Tunisian film director

Mohamed Ben Attia (born January 5, 1976) is a Tunisian film director and screenwriter.

== Early life and education==
Born in 1976 in Tunis, Tunisia, he graduated from the Carthage High Commercial Studies Institute in 1998. Then, he projected a film career and tried to enter La Femis in Paris, which he was denied access after the third and final round of selections.
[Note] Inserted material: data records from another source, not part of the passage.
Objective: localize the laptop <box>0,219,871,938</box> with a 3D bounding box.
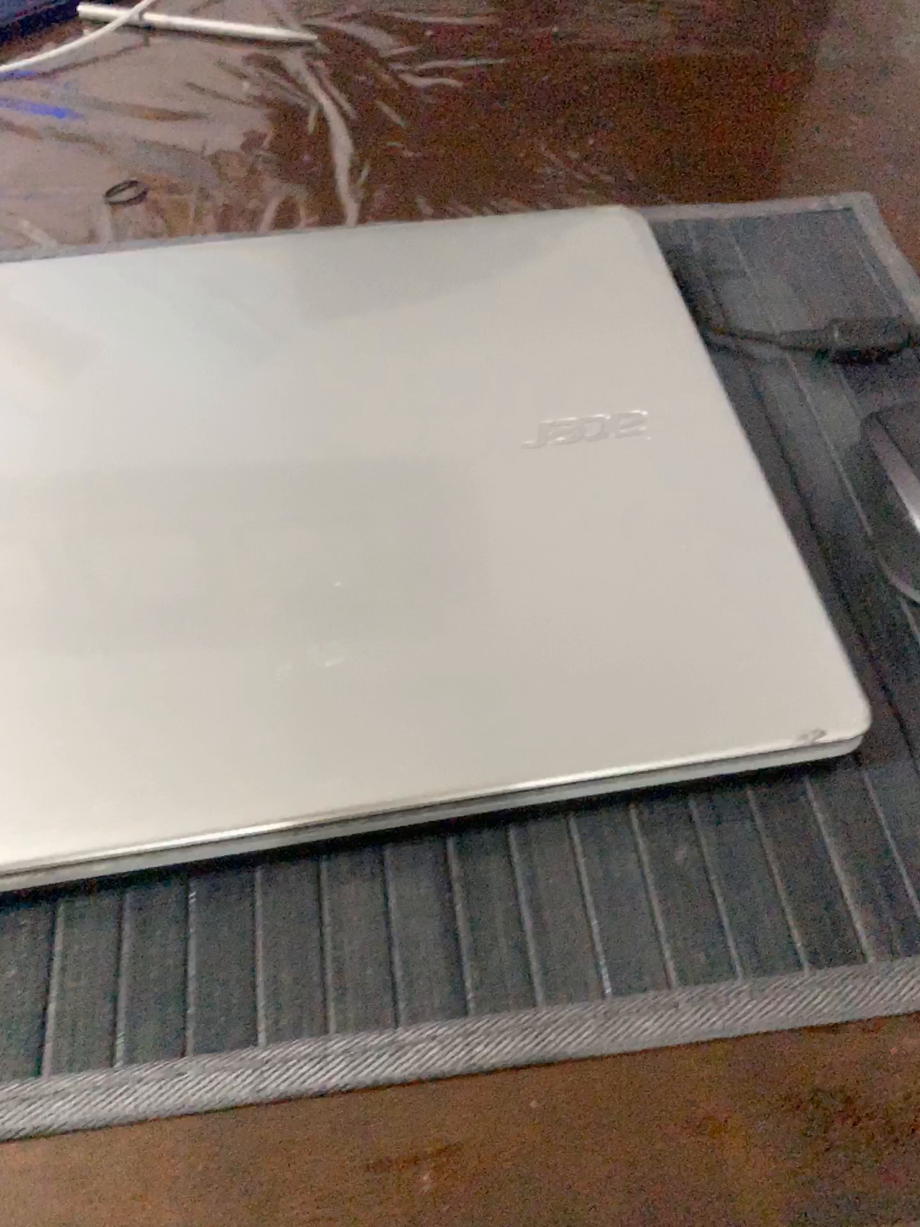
[{"bbox_3d":[-0.074,-0.041,0.296,0.335,0.002,0.224,-7,58,-7],"label":"laptop"}]
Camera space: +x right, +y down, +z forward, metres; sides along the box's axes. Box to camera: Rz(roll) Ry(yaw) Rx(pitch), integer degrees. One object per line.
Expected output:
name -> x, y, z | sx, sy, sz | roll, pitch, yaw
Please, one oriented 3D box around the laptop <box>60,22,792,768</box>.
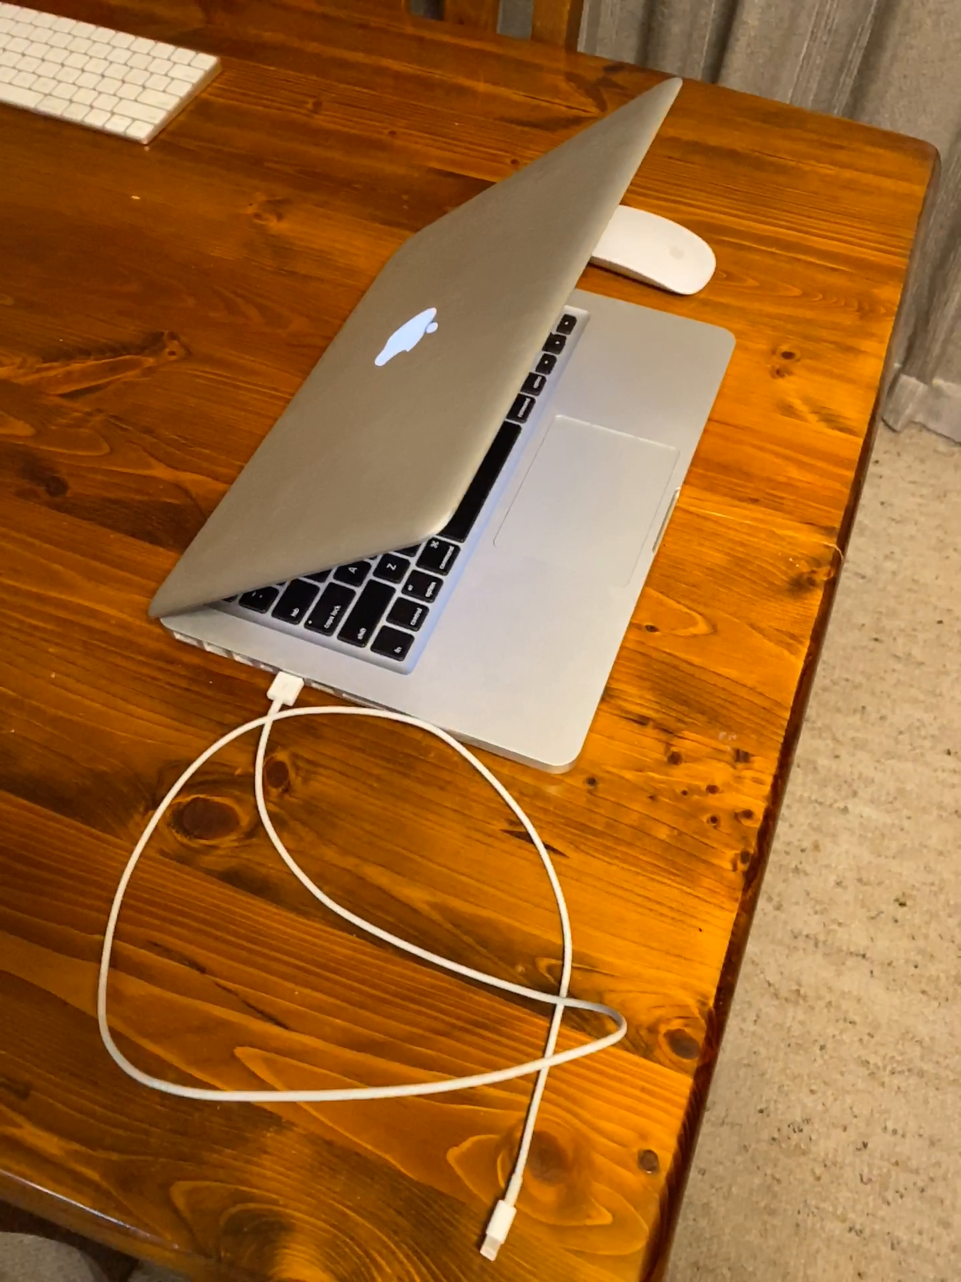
laptop -> -0.002, -0.135, 0.483 | 0.211, 0.136, 0.312 | 19, 60, 10
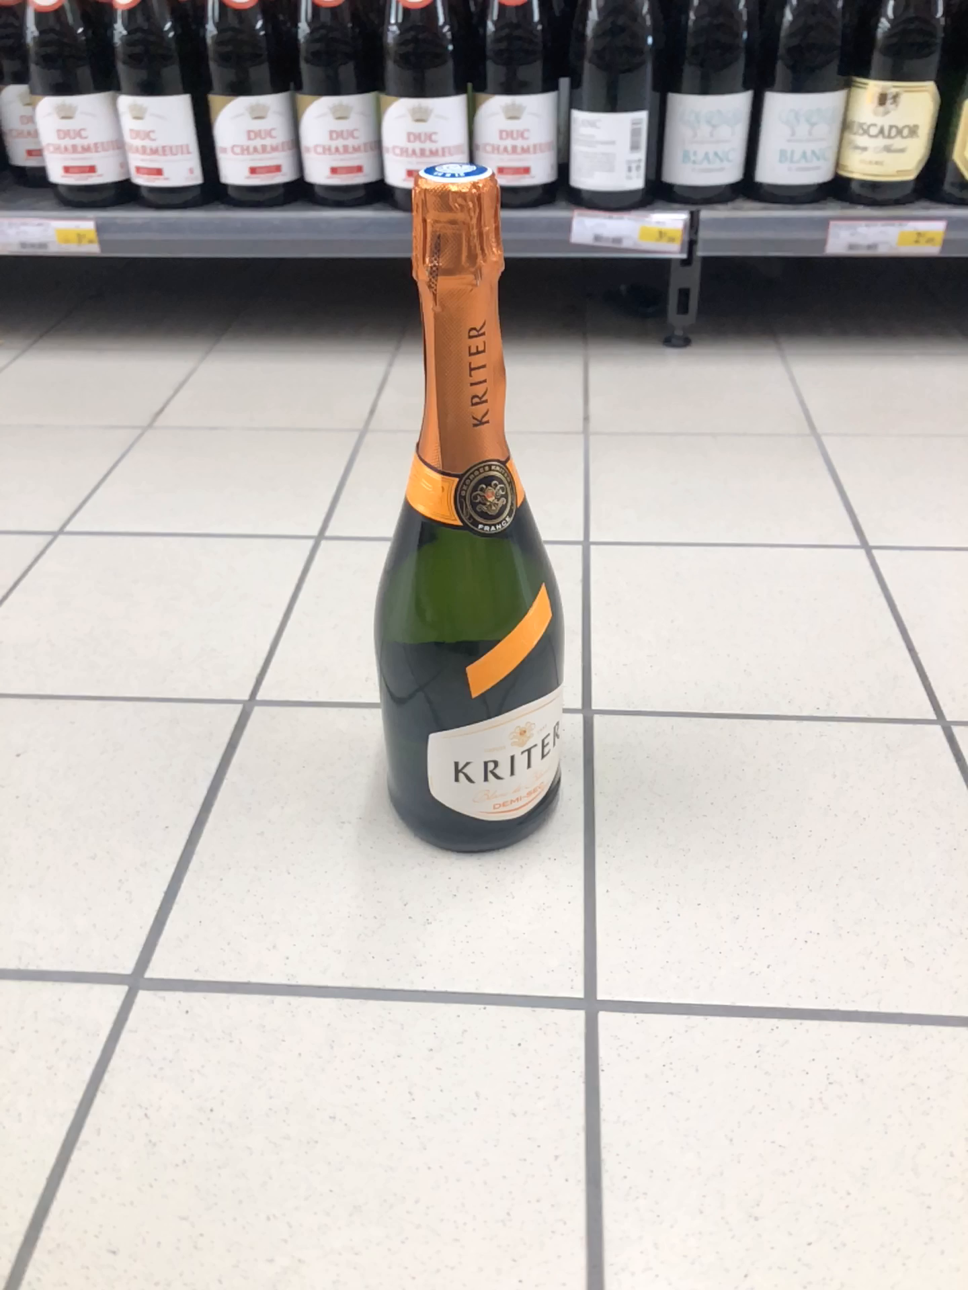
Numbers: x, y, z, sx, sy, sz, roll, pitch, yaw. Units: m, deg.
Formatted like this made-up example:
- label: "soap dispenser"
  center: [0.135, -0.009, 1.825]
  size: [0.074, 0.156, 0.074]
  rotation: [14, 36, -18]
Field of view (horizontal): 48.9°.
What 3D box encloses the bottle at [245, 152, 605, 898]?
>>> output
- label: "bottle"
  center: [-0.022, -0.046, 0.486]
  size: [0.100, 0.308, 0.100]
  rotation: [-1, 33, 1]

A few years later, Ben Attia is holder of a diploma of specialized higher studies in audio-visual communication obtained at the university of Valenciennes.

==Career==
After various jobs in audiovisual post-production, he was finally hired for twelve years in a commercial position and prospecting at a car dealership in Tunis.

Trained at the writing workshop Sud Écriture in Tunis, he began writing and directing several short fiction films, starting with Romantisme : deux comprimés matin et soir in 2005. His second short film : Comme les autres (Kif Lokhrim) was produced in 2006. After Mouja, unveiled at the Carthage Film Festival 2010 and selected at CinemAfrica 2011 in Stockholm, he directed Loi 76 (2011), his fourth short film, then Selma (2013).

He moved to feature film in 2016 with Hedi, a wind of freedom produced by Dora Bouchoucha (Nomadis Images) and co-produced by the Dardenne brothers (Les Films du Fleuve), convinced by his latest short film and script.

In 2018, he participated in the Cannes Film Festival where his film Dear Son is screened at the Directors' Fortnight.

== Filmography ==
- 2005 - Romantisme: deux comprimés matin et soir (short)
- 2006 - Comme les autres (short)
- 2010 - Mouja (short)
- 2011 - Loi 76 (short)
- 2013 - Selma (short)
- 2016 - Hedi
- 2018 - Dear Son
- 2023 - Behind the Mountains

== Awards ==
- 2006
  - Silver award at Fespaco for Comme les autres
  - Best Berlinale premiere at the Berlinale for Hedi, a wind of freedom.
  - Diamond Valois (best film) at the Angoulême Francophone Film Festival for Hedi, a wind of freedom.
  - City of Amiens Award (Best Director) and CCAS Award at the Amiens International Film Festival for Hedi, a wind of freedom.
  - Golden Athena award (best film) at the Athens International Film Festival for Hedi, a wind of freedom.
  - Domaine Clarence Dillon Jury Grand Prix and Erasmus + Jury Prize at the Independent International Film Festival in Bordeaux for Hedi, a wind of freedom.
- 2017
  - Prix Lumières for Best Francophone Film at the 22nd Annual Prix Lumières Ceremony for Hedi, a wind of freedom.
  - First Feature Award at the COLCOA French Film Festival for Hedi, a wind of freedom.